In response to Reply # 10


Chicago, US
          

>Yes, but my understanding is that a phase detection system
>doesn't determine focus by maximizing contrast between
>adjacent pixels as suggested on that site (though that is the
>result). It does it as you've said by calculating the amount
>of lens movement required to bring a split image into phase -
>i.e., by determining where those light intensity patterns
>impinge on each of those CCDs and calculating lens shift to
>move the brightest point to the same (center) position on each
>CCD. One sample from one side of the aperture and another
>from the opposite of side the aperture looking at the same
>small sample of the scene. To me, it's akin to adjusting the
>lens to center the peak of two different histograms rather
>than trying to maximize the peak. I don't see that as doing
>the calculations based on contrast. The camera will never
>know if it has increased or maximized contrast, because it
>won't necessarily sample again.
>
Yeah, that's the basic idea of phase detection. The CCD captured intensity profiles indeed look like "histograms", which can have peaks and valleys, finding the shift (like "phase" difference as in sinusoidal waveforms) between the 2 profiles can help the camera to determine how much it needs to move the lens. Though implemented very differently from contrast detection AF, the end result is similar.

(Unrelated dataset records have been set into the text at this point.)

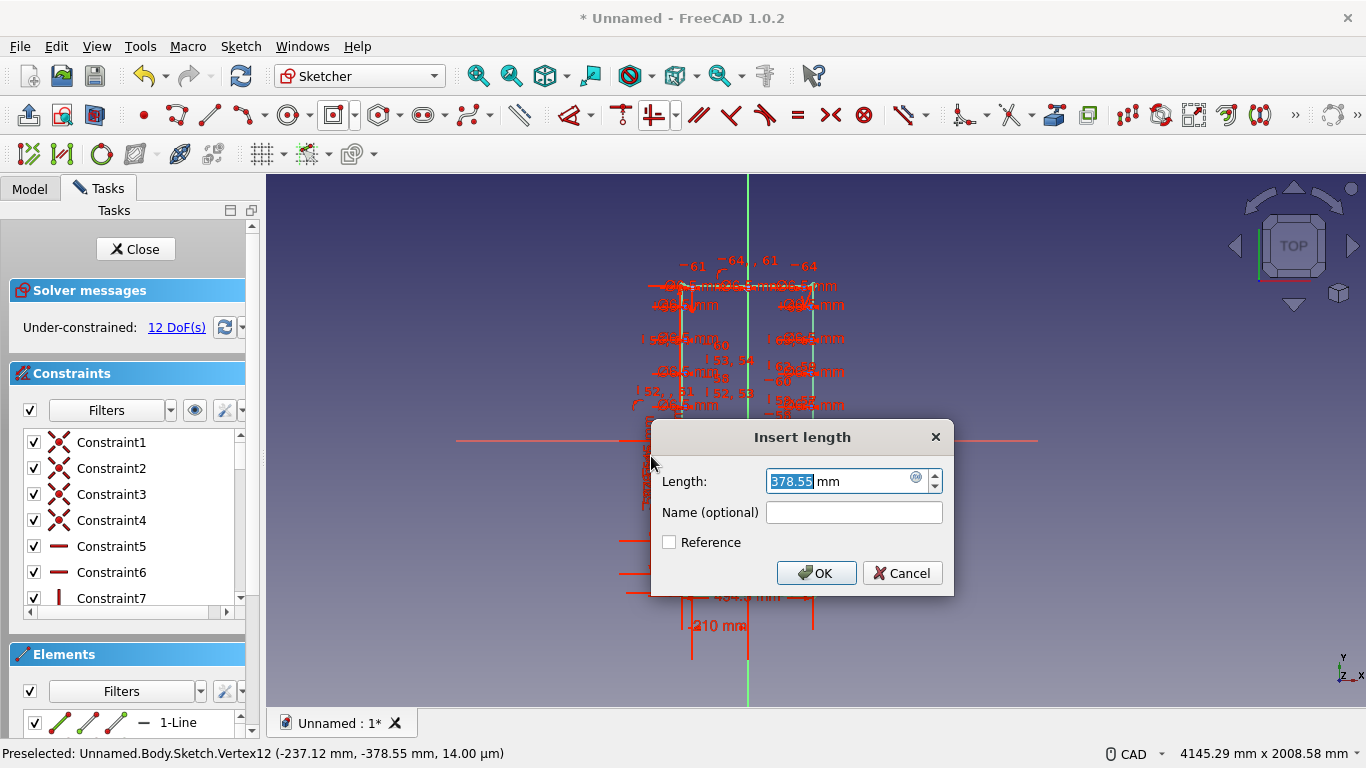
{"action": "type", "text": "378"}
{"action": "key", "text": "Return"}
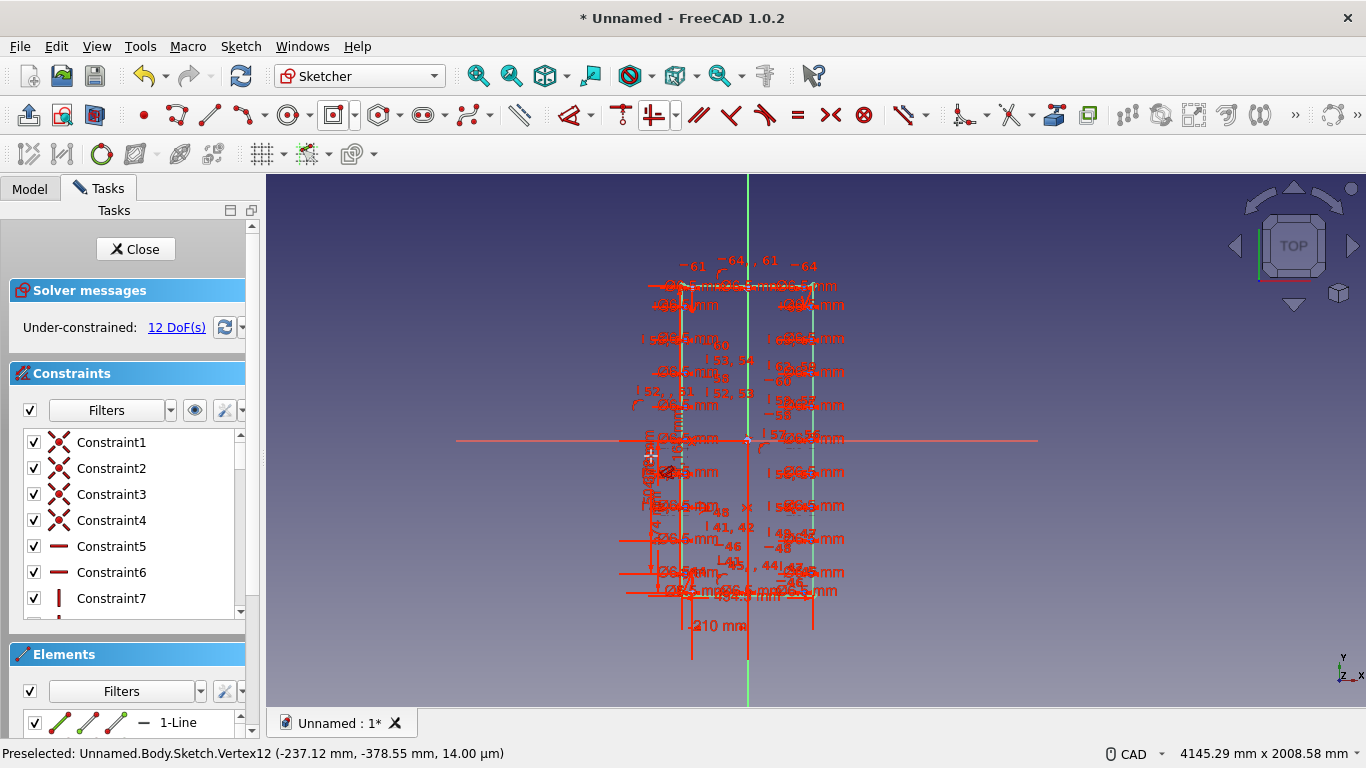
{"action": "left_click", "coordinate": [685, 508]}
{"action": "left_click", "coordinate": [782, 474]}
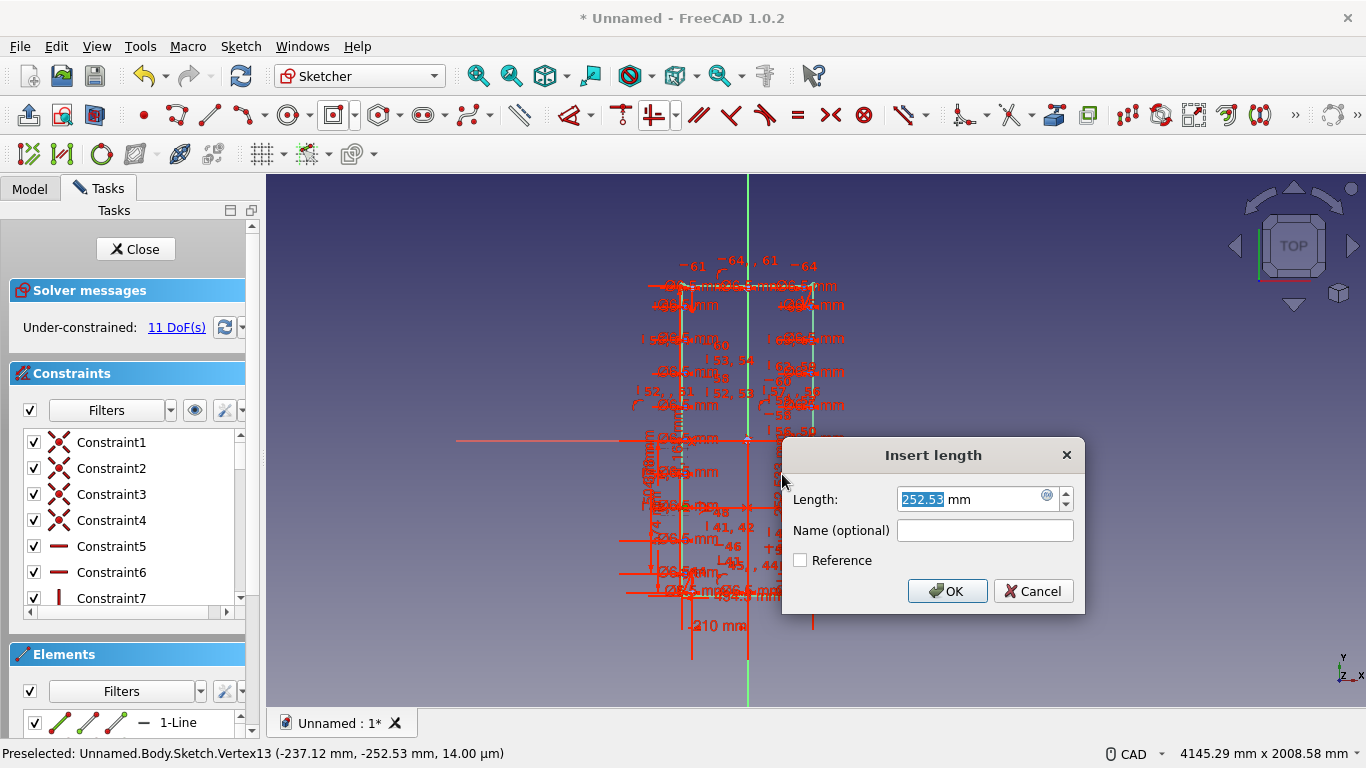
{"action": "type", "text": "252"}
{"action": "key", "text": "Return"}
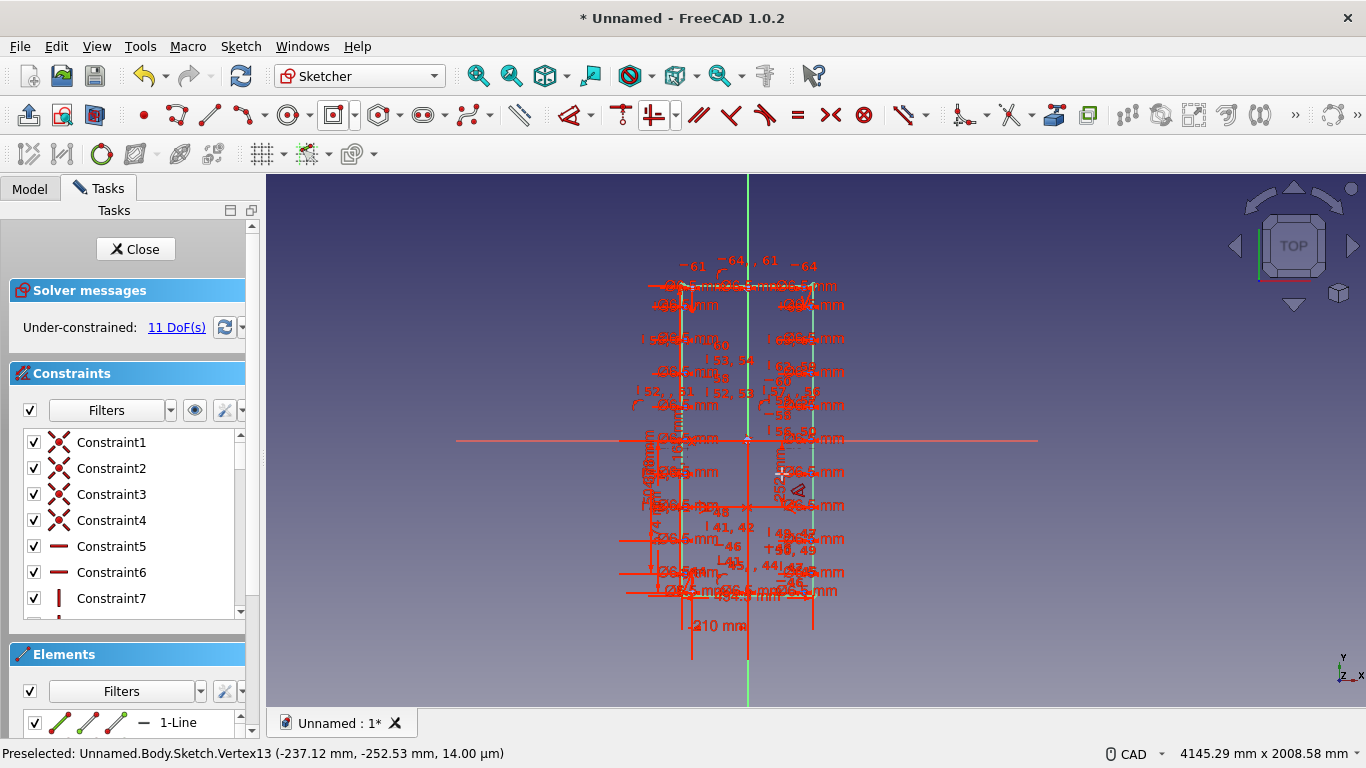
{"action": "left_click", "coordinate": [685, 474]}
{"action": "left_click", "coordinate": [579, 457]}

>Maybe I'm being overly anal about his comments (and
>acknowledged character flaw) and he is talking more about the
>results than the process - but it really doesn't work by
>"adjusting the focus to achieve the best contrast between
>adjacent pixels." It's like the difference between
>manually focusing on a normal screen and on a split screen.
>In one you search for the sharpest highest contrast image
>(back and forth), and it the other, you focus until the split
>image is aligned (but a high contrast edge helps you do that).
> It didn't give me confidence that he really understood how it
>worked.
>
I agree. He got the general idea, but not details. His chart is clean and easy to use, though including 2 diagonal direction rulers might help more.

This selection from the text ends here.